**WHAT THIS TASK INVOLVES**: Every entry below should come back unchanged, except that the pictures are dropped.

[THE INPUT — start]

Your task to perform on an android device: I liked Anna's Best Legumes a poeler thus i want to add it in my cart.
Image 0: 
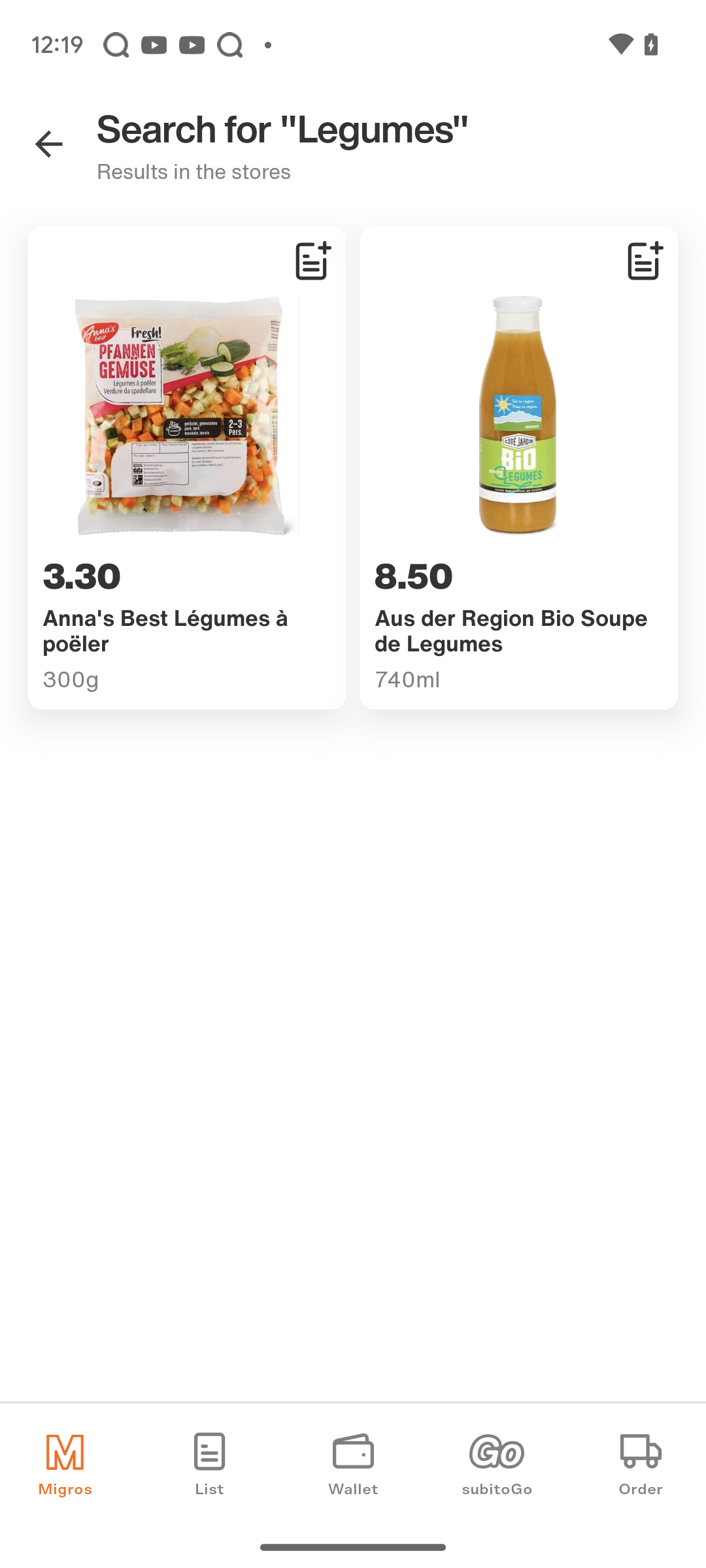
Click  Anna's Best Legumes a poeler
Step 0: click (187, 416)
Image 1: 
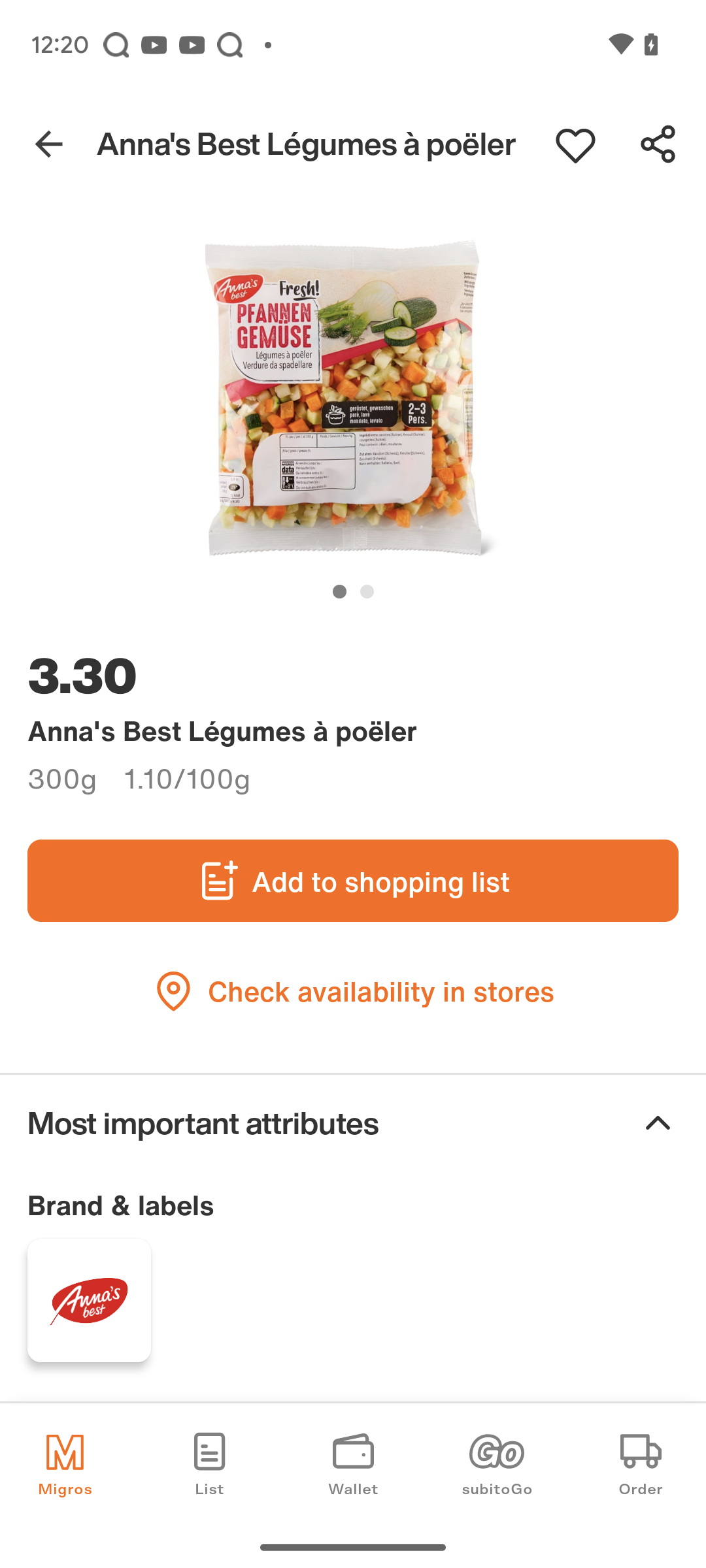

[THE INPUT — finish]

**SOLUTION FOR THIS EXERCISE**:
Your task to perform on an android device: I liked Anna's Best Legumes a poeler thus i want to add it in my cart.
Image 0: 
Click  Anna's Best Legumes a poeler
Step 0: click (187, 416)
Image 1: 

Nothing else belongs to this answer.